Context and Legal Basis

  • Legal Instruments Used: Detention of non-citizens in India is primarily carried out under:
    • Foreigners Act, 1946
    • National Security Act (NSA), 1980
  • Assam NRC Impact: 19 lakh people excluded from the National Register of Citizens (NRC), many declared non-citizens and subjected to detention.

Relevance : GS 2(Governance, International Relations)

Constitutional and Judicial Principles

  • Article 21: Guarantees protection of life and personal liberty to all persons (citizens and non-citizens).
  • Article 22: Provides safeguards against arbitrary preventive detention, including:
    • Right to be informed of grounds of arrest
    • Right to consult a legal practitioner
    • Right to be presented before a magistrate within 24 hours
  • Judicial Power & Common Law Tradition:
    • Liberty can only be curtailed through judicial process or preventive detention under strict constraints.
    • Detention should be purpose-driven (trial, punishment, or legitimate preventive need).

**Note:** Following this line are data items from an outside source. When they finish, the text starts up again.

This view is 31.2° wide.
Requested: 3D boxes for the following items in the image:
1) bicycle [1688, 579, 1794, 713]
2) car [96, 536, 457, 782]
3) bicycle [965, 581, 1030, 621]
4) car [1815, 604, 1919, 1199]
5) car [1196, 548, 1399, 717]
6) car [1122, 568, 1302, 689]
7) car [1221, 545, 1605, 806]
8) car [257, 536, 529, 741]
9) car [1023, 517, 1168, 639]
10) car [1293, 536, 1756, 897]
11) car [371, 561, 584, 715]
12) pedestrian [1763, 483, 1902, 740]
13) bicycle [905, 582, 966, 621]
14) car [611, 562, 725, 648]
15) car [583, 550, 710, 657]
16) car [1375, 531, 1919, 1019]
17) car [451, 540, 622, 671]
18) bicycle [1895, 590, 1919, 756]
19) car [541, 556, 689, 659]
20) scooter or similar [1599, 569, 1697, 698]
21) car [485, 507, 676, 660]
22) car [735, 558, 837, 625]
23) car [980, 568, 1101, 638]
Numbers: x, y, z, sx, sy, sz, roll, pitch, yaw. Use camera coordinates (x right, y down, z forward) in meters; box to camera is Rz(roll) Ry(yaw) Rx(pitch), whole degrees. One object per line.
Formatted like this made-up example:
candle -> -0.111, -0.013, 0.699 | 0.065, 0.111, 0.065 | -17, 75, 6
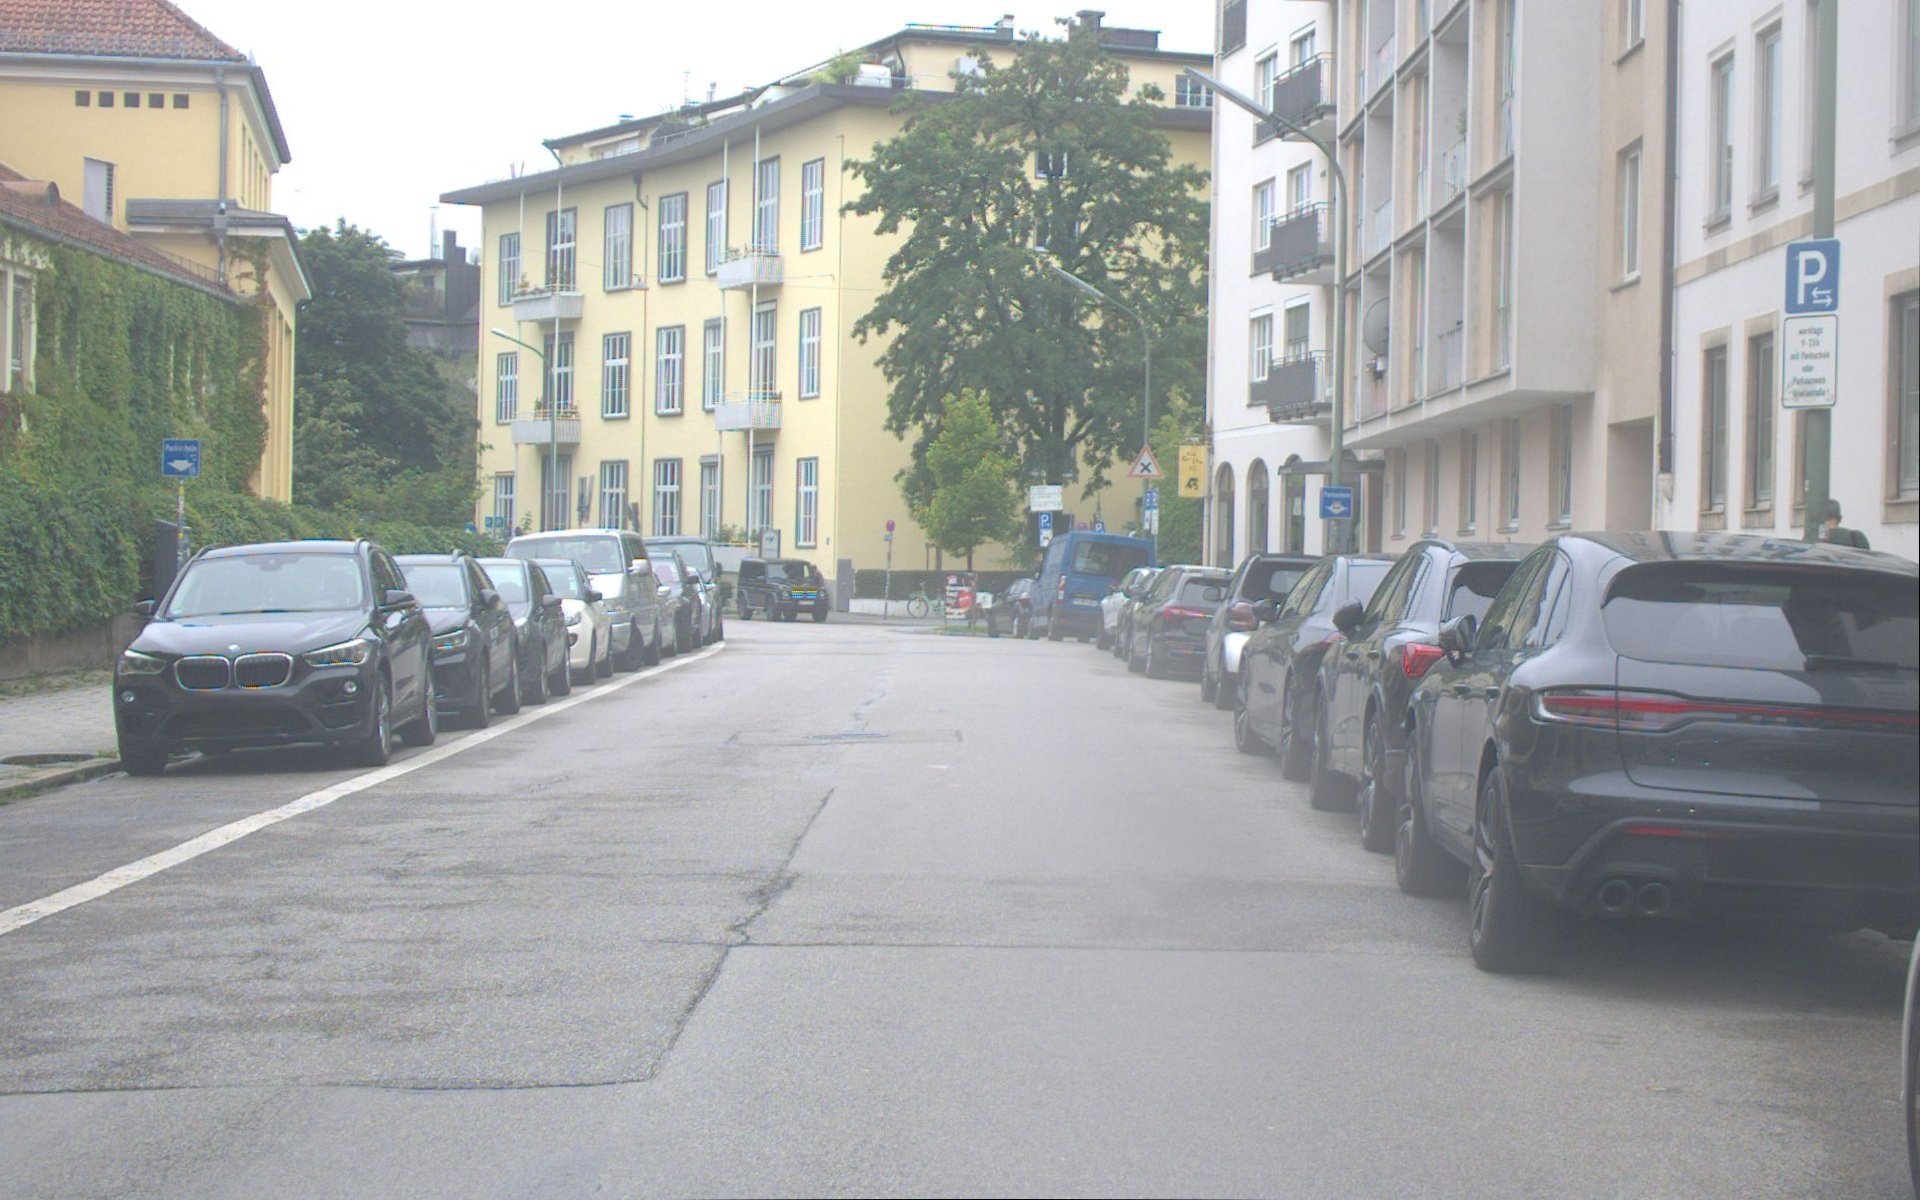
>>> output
bicycle -> 7.417, 0.420, 32.727 | 0.529, 1.213, 2.103 | 2, 1, 1
car -> -4.895, 0.365, 25.260 | 1.789, 1.581, 4.819 | -2, 1, -2
bicycle -> 1.182, 0.039, 108.128 | 1.923, 1.197, 0.595 | 2, 0, 14
car -> 2.981, 0.786, 6.281 | 1.672, 1.424, 4.530 | 3, 1, 0
car -> 3.294, 0.293, 34.020 | 1.650, 1.490, 2.881 | 4, 1, 0
car -> 3.217, 0.330, 44.818 | 1.745, 1.383, 4.954 | 3, 1, -2
car -> 2.975, 0.434, 23.717 | 1.802, 1.479, 5.320 | 4, 1, -1
car -> -4.878, 0.292, 30.116 | 1.724, 1.624, 4.466 | -1, 1, -2
car -> 2.775, -0.414, 71.815 | 2.078, 2.226, 5.245 | 5, -2, -6
car -> 2.867, 0.522, 18.411 | 1.645, 1.584, 4.634 | 4, 1, 0
car -> -4.873, 0.351, 35.191 | 1.603, 1.425, 4.252 | -2, 0, -1
pedestrian -> 6.136, 0.089, 24.218 | 0.723, 1.757, 0.904 | 2, -1, 1
bicycle -> -0.784, 0.039, 109.344 | 1.926, 1.197, 0.594 | 2, 1, 37
car -> -5.187, 0.056, 61.514 | 1.694, 1.388, 4.501 | -3, 1, -1
car -> -5.088, 0.031, 56.207 | 1.697, 1.637, 4.490 | -1, 0, -1
car -> 2.805, 0.554, 13.448 | 1.840, 1.517, 4.709 | 3, 1, 1
car -> -4.934, 0.044, 40.444 | 1.591, 1.436, 4.019 | -1, 1, -2
bicycle -> 7.397, 0.556, 24.824 | 0.512, 1.218, 1.989 | 1, 1, -7
car -> -5.110, 0.084, 51.447 | 1.653, 1.409, 4.771 | -2, 1, 1
scooter or similar -> 7.419, 0.378, 37.124 | 0.439, 1.354, 1.590 | 2, -2, -11
car -> -4.990, -0.229, 45.823 | 1.887, 1.883, 4.774 | -2, 0, 1
car -> -5.515, -0.277, 108.420 | 1.762, 1.868, 4.380 | 5, -1, -22
car -> 1.786, 0.052, 77.970 | 1.676, 1.384, 4.307 | 5, 0, -12

Assam Detention Practices: Violations & Concerns

  • Violation of due process:
    • Detainees not charged or convicted of any criminal offence.
    • Citizenship stripped on documentary grounds often flawed (e.g., spelling errors, floods destroying records).
  • Indefinite & Arbitrary Detention:
    • No realistic prospect of deportation — only 39 deportations since 2017 against 1.59 lakh declared ‘foreigners’.
  • No legitimate purpose: Detention serves no penal, preventive, or removal purpose — making it constitutionally void under Article 21.

Backward Linkages

  • ADM Jabalpur v. Shivkant Shukla (1976): Earlier upheld suspension of liberty during Emergency; later criticised.
  • Maneka Gandhi v. Union of India (1978): Landmark ruling that any procedure depriving liberty must be “just, fair, and reasonable.”
  • K.S. Puttaswamy (2017): Reaffirmed Article 21’s expansive protection of liberty and dignity.
  • International Human Rights Norms:
    • Violates Article 9 of ICCPR: Prohibition against arbitrary detention.
    • UNHCR standards discourage detention where repatriation is not possible.

Comparative Jurisprudence

  • Australia – NZYQ Case (2023):
    • High Court held indefinite detention without realistic removal prospects unconstitutional.
    • Reinforces judiciarys role in guarding liberty.
  • India – Rajubala Das v. Union of India (2020):
    • Challenge to NRC-related detention pending.
    • Raises question: Can India indefinitely detain stateless individuals?

Larger Implications

  • Threat to Rule of Law:
    • Executive overreach undermines separation of powers and judicial oversight.
    • Weakens constitutional commitment to liberty, fairness, and legality
    •  
  • Humanitarian Crisis:
    • Statelessness leads to permanent legal limbo, with no rights and no nationality
  • Need for Legal Reform:
    • Update Foreigners Act, 1946 to align with modern constitutional jurisprudence and human rights standards.